Yo-yo-ing over the years has seen me go between a UK 8 to a 14 and after my thyroid operation several months ago and becoming vegan I naturally lost weight too. I’ve more or less plateaued over this last year but PMT means added bloat due to water retention and going up a dress size one week to the next which unsurprisingly messes with my head. It all adds an extra layer of stress to an already stressful life.
When I practise intermittent fasting with a wholesome vegan diet, I feel healthier and happier in every way but I tend to veer between being strict about the healthy food I consume to throwing it all out of the window and scoffing vegan pizza three nights in a row. I’m an all or nothing kind of girl.
I’m not suffering from an eating disorder, I just need greater balance and more self-love.
I’m more than my body, of course I am, and so are you, but what matters above and beyond numbers on scales and inches on a tape measure is body confidence, something I’ve realised lately eludes me whatever my size, so I’m taking a stand and I’m working on it.
I’m unlearning the negative voices that play on a loop in my head, and I’m focusing on the bits of me I like most, while accepting those I don’t and placing my attention on other, far more important things, taking the onus off my body. I’m swerving commentary and conversations around my figure and whether I’ve lost weight or put it on, both in real life and offline. I’m simply being proactive about changing the topic.
I’m my own personal brand so I’m endlessly documenting myself on my blog and my social channels so I must start accepting I won’t love all of the footage and photos of myself, and that’s OK.
While I enjoy photo shoots, I often dread seeing the images of myself at the end.
Equally, while I find being on TV incredibly fun, and ditto to digital campaigns, enjoying the buzz they provide, I don’t love watching myself back, ever, and rarely do I unless I have to (i.e choosing clips for my show-reel, reviewing if a client wants an edit).
Many actors, presenters and even models I know, tell me that they feel the same.
They relish the activity and pushing themselves out their comfort zone in their creative endeavours but they dislike the reflection/watching themselves back bit afterwards.
I’ve realised I’m reluctantly getting used to the process as I reach 9 years since I started Honestmum.com and I’ve come to learn that while my first reaction on seeing myself might well be negative, when I return after a lapse in time, I’m usually far kinder and happier about what I see.
‘Psychological research has shown that the ‘dictatorship of bodily perfection’ – the unrealistically thin and perfect body and face images repeatedly being projected to us on all media platforms– has triggered thousands of women and men to develop body image issues and in some very distressing cases causing them to reject their own appearance as revolting, disgusting and un-likeable. To overcome body image issues we need to stop looking for external validation of ourselves through our physical appearance and acknowledge that our looks may give us the, ‘illusion of social currency’ but they do not give us personal inner fulfilment, growth or happiness.
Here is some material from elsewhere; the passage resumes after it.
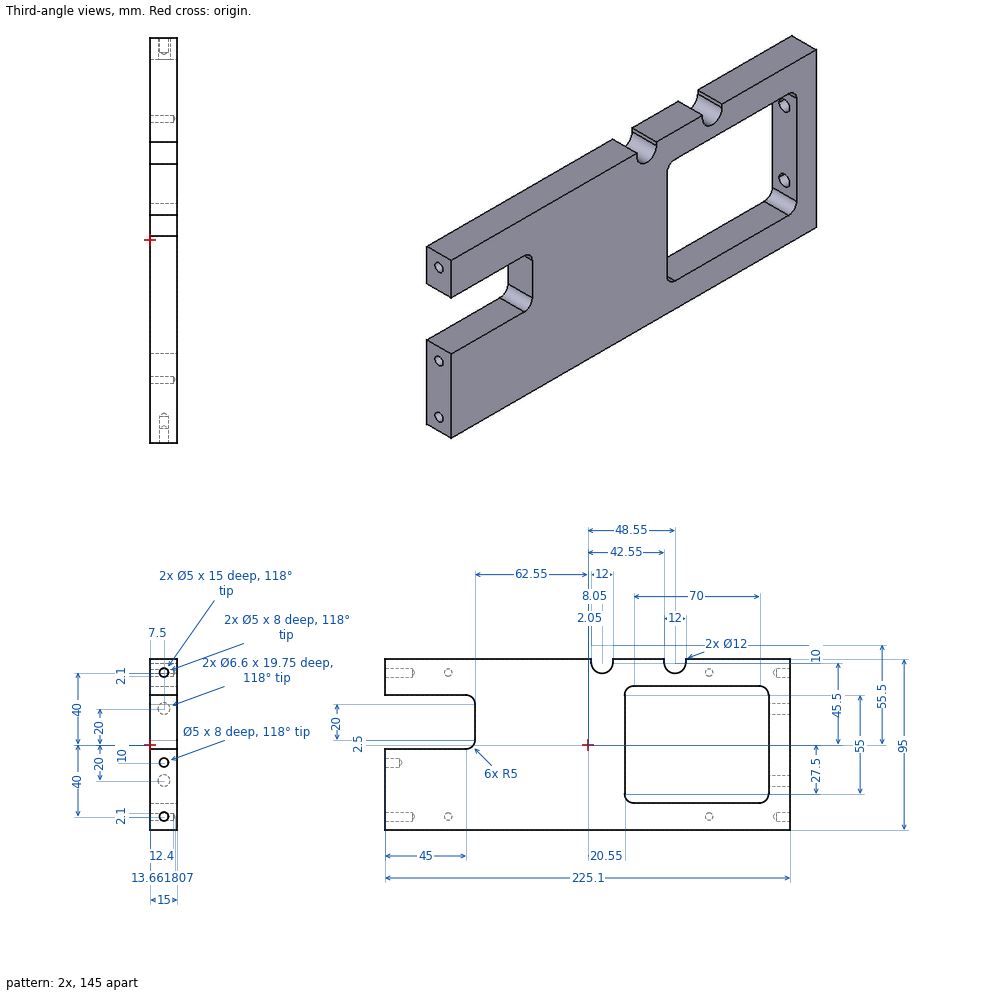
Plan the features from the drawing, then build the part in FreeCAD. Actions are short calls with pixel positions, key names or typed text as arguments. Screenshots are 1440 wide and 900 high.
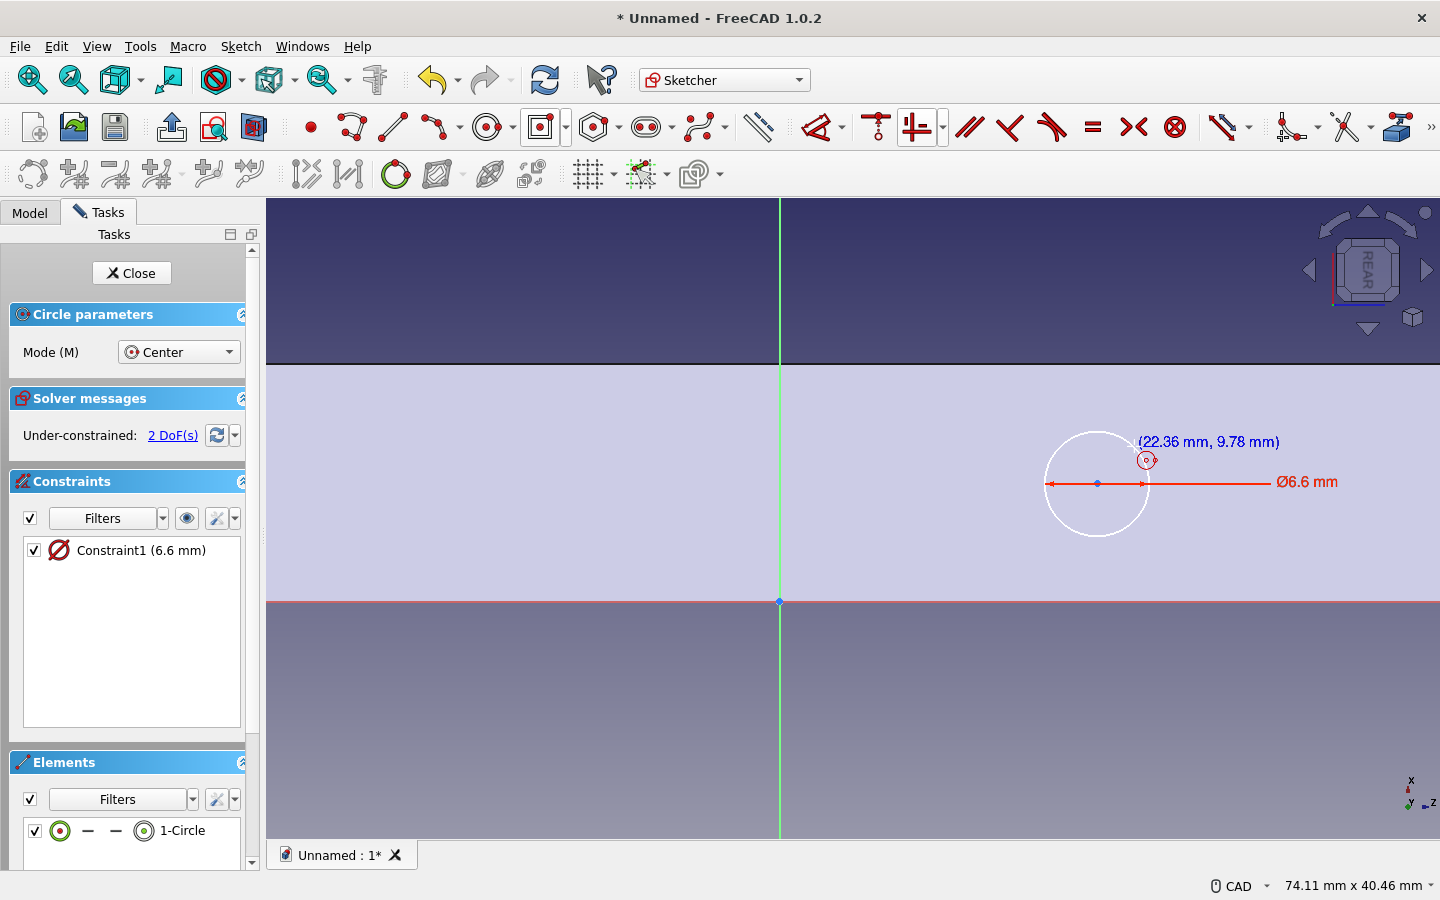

Contentment, fulfilment and self acceptance come from accepting who we are, how we are and what we are. We can’t feel happy if on one level we reject our own bodies. If you are coping with a body image issue notice what of yourself you reject and reflect on how much you are turning parts of your body into an object. Are you rejecting your legs, your breasts, your face? You are not an object. You are a human being; like everyone else. Nobody is perfect and physical appearance is only one aspect of your multi-dimensional existence.
To overcome Body Image issues, you need to start to recognise that you are valid for who you are not for what your body looks like. Love and care come from self acceptance of ourselves and from trusting that others accept all of us (including our imperfect bodies) unconditionally. Ultimately, you have a choice. You can choose to understand why you have become so hard with your body and start to be content with how you look.
With such an attitude, you will bolster your Mental Health and send your subconscious that vital message – that you matter. Not because you are an ideal, perfect object with external validation but because you accept your inner world and your own self worth non-judgmentally and lovingly’….
It’s a funny thing putting yourself and your art out into the world. It’s vulnerable, revealing and pressurised too but it’s the world I’m in and the fulfilment of actually DOING the work, for the love of it, and with the intention of helping others, overrides that fear, self-doubt and negative body image, so I plough on, even when times are hard.
I’m resolute that I won’t let worry win. I won’t let fear stop me from going on TV or appearing in magazines or publishing fashion shoots.
I won’t hide, even if it hurts not to. My only hope is that damning voice in my head soon becomes a whisper, so quiet, that one day I’ll wake up and find that it’s gone.